START Material for this exercise
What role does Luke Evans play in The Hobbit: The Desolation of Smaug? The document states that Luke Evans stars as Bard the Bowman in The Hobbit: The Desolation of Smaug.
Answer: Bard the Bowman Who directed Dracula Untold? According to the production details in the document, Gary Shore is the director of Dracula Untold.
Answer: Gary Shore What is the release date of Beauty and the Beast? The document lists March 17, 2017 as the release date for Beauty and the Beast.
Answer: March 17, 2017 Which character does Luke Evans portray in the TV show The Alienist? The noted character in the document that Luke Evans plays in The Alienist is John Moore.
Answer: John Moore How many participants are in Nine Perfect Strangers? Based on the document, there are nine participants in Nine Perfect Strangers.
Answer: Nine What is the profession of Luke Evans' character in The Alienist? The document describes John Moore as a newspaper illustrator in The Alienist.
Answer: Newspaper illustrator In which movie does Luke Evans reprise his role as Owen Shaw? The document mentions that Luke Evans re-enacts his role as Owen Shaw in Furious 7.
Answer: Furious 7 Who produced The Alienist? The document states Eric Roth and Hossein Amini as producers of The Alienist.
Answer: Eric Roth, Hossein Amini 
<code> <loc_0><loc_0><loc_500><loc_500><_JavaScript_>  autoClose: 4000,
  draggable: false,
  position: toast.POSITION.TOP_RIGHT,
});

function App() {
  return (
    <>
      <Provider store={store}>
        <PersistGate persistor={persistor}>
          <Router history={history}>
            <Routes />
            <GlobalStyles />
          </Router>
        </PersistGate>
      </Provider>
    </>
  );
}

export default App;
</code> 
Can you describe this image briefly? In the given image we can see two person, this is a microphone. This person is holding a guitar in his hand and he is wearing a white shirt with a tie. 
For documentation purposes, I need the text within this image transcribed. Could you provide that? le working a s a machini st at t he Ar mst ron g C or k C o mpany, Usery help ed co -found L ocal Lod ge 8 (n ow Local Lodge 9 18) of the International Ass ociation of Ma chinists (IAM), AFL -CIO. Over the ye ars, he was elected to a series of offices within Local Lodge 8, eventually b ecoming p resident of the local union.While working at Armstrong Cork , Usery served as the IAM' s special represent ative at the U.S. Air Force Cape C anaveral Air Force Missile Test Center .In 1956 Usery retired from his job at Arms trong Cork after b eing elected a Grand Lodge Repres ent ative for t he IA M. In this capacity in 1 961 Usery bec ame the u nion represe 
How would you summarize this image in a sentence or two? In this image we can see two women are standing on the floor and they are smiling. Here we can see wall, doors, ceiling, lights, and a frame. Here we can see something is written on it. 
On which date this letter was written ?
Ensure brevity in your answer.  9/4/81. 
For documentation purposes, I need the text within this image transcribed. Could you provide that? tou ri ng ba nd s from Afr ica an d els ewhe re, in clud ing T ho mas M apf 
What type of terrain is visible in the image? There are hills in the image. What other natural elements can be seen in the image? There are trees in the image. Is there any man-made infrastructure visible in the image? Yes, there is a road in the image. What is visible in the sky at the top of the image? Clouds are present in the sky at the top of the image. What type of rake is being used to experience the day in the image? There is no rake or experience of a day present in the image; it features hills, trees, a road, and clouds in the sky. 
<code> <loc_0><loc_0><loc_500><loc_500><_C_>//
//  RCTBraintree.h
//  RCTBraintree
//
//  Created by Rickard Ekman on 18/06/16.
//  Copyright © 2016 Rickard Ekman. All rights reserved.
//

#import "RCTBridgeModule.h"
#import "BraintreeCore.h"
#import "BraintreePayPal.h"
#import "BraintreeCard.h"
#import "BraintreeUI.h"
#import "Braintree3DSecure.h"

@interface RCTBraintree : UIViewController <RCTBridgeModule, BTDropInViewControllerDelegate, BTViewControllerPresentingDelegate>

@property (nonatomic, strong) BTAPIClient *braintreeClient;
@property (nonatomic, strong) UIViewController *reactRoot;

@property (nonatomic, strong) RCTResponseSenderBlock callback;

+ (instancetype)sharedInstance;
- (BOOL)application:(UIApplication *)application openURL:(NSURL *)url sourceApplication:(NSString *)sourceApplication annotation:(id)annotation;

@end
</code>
END Material for this exercise
> _Exercise requirements_: Once you have located every line with the word "UIViewController" in the material above, list those lines.

> _Response_:
@interface RCTBraintree : UIViewController <RCTBridgeModule, BTDropInViewControllerDelegate, BTViewControllerPresentingDelegate>
@property (nonatomic, strong) UIViewController *reactRoot;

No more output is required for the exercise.